In order to be an allowable post-cessation expense, the trade must have ceased, and the expense must have been considered deductible in calculating trading profits.

This means that the expense still has to meet the wholly and exclusively test and be revenue, not capital, expenditure. The expenditure can be apportioned if necessary. The way in which post-cessation expenses can be relieved depends on the person incurring the expenditure and the type of expenditure incurred.

The following are examples of expenses that would likely be categorised as post-cessation expenses:

  • remedying defective work done, goods supplied, or services rendered while the business was continuing or as damages in respect of such defective work, goods or services whether awarded by a Court or agreed during negotiations on a claim
  • paying legal or other professional expenses incurred in connection with the costs above
  • insuring against liabilities arising out of any such claim or against the incurring of such expenses
  • collecting, or seeking to collect, debts which were taken into account in computing the profits of the trade before discontinuance.

An expense specifically relating to the cessation itself is not an allowable expense.



Business record keeping for the self-employed



If you are self-employed as a sole trader or as a partner in a business partnership, then you must keep suitable business records as well as separate personal records of your income.

For tax purposes, the business records must be held for at least 5 years after the 31 January submission deadline for the relevant tax year.
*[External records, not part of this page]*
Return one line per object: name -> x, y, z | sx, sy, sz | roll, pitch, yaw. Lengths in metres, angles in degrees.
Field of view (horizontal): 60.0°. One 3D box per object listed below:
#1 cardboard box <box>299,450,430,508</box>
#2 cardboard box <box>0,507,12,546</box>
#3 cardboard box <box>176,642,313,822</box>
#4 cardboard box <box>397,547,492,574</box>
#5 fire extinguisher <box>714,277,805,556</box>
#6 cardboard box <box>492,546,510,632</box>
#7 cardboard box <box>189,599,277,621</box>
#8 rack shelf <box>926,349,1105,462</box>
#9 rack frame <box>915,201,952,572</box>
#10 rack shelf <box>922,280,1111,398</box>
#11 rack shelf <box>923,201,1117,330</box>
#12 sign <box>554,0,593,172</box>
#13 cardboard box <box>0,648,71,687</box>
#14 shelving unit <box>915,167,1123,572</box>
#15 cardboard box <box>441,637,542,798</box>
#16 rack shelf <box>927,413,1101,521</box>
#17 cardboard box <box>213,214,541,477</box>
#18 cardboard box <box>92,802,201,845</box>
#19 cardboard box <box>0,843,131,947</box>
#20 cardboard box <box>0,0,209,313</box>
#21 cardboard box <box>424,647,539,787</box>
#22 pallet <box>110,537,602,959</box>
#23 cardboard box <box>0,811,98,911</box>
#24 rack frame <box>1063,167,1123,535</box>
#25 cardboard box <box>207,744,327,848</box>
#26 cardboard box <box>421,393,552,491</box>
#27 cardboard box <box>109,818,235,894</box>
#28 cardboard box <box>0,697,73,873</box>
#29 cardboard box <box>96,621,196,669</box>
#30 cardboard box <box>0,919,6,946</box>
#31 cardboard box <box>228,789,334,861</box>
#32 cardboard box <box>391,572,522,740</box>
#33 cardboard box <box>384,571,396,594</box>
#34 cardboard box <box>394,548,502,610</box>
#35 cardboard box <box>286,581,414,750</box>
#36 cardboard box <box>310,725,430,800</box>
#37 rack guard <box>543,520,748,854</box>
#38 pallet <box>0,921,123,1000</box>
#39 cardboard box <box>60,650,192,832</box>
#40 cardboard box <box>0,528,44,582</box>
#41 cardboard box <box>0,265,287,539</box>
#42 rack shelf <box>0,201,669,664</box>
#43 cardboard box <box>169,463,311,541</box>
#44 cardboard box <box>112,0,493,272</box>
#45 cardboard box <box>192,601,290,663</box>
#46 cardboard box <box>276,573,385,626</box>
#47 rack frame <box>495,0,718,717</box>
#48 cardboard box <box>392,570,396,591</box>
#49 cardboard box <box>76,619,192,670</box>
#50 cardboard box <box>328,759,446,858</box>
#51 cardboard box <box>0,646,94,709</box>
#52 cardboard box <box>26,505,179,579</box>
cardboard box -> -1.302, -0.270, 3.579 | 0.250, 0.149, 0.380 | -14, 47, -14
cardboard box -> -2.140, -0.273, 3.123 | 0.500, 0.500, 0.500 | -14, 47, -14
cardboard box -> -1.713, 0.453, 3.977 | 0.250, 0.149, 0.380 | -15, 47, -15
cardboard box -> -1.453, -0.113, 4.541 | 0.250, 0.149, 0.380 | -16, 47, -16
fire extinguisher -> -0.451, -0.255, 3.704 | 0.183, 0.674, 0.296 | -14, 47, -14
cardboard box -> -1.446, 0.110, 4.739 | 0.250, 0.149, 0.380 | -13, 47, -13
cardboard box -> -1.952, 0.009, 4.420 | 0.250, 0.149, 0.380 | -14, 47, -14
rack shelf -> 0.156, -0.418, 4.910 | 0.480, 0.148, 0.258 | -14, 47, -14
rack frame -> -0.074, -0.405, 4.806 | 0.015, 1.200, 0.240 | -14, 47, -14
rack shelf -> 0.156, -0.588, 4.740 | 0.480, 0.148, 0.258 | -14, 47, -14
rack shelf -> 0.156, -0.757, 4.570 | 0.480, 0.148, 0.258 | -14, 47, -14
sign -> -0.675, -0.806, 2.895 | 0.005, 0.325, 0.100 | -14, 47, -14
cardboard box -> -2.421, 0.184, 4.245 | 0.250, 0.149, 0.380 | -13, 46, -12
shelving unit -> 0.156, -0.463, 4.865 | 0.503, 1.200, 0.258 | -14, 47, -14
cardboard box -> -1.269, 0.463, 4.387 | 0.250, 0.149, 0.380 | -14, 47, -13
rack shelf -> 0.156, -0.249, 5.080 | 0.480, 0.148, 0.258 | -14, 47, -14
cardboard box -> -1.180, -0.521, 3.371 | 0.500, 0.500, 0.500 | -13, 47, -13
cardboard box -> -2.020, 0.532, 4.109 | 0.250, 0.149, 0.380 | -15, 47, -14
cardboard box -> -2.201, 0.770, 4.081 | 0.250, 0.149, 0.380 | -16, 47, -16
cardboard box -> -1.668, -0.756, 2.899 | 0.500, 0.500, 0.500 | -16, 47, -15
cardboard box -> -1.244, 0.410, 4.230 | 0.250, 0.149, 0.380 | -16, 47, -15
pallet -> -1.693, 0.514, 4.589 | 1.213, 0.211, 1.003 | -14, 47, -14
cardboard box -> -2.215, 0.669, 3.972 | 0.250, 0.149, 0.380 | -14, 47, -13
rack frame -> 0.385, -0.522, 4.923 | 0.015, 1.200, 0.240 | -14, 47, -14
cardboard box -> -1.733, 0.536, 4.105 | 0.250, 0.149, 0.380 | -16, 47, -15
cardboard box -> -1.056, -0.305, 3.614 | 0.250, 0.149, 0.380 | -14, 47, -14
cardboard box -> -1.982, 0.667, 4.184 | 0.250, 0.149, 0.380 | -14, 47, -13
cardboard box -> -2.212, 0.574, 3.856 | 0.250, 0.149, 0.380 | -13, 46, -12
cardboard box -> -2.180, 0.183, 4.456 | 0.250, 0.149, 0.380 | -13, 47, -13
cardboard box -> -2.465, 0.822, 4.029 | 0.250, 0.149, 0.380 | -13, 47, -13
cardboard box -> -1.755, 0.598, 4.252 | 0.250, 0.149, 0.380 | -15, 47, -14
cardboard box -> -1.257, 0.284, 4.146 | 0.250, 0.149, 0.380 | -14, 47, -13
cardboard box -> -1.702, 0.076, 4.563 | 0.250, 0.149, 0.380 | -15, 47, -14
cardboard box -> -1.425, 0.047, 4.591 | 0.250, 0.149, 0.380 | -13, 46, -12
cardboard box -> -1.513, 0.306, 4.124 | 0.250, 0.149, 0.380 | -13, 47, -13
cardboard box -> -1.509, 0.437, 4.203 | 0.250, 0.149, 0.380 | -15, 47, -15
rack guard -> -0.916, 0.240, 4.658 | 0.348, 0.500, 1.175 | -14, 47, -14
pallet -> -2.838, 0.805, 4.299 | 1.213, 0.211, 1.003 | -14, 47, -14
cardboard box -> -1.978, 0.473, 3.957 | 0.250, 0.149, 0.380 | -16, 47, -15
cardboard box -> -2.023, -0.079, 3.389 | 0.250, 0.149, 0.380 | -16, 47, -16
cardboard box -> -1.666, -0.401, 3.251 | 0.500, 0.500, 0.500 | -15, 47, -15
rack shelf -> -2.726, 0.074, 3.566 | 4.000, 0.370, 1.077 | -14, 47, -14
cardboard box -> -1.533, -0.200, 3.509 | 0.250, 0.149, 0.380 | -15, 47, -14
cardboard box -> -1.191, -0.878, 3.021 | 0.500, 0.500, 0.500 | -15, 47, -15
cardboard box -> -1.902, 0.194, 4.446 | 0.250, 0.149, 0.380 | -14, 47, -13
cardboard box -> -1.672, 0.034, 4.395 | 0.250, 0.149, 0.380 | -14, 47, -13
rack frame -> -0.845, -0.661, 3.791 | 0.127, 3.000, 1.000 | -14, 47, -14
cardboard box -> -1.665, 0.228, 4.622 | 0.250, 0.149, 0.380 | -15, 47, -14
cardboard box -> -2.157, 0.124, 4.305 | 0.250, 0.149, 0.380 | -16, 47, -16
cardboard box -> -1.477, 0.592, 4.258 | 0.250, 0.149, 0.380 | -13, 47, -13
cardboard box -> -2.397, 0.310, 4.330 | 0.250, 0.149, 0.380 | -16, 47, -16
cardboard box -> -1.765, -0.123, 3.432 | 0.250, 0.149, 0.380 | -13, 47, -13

For example, for the 2017-18 tax year, when online filing was due by 31 January 2019, you must keep your records until at least the end of January 2024. In certain situations, such as when a return is submitted late, the records must be held for longer.

If you are self-employed you should keep a record of:

  • all sales and income
  • all business expenses
  • VAT records if you’re registered for VAT
  • PAYE records if you employ people
  • records about your personal income

You don't need to keep the vast majority of your records in their original form. If you prefer, you can keep a copy of most of them in an alternative format, as long as they can be recovered in a readable and uncorrupted format. For example, a scanned PDF document.

If records are no longer available for any reason you must try and recreate them letting HMRC know if the figures are estimated or provisional. There are penalties for failing to keep proper records or for keeping inaccurate records.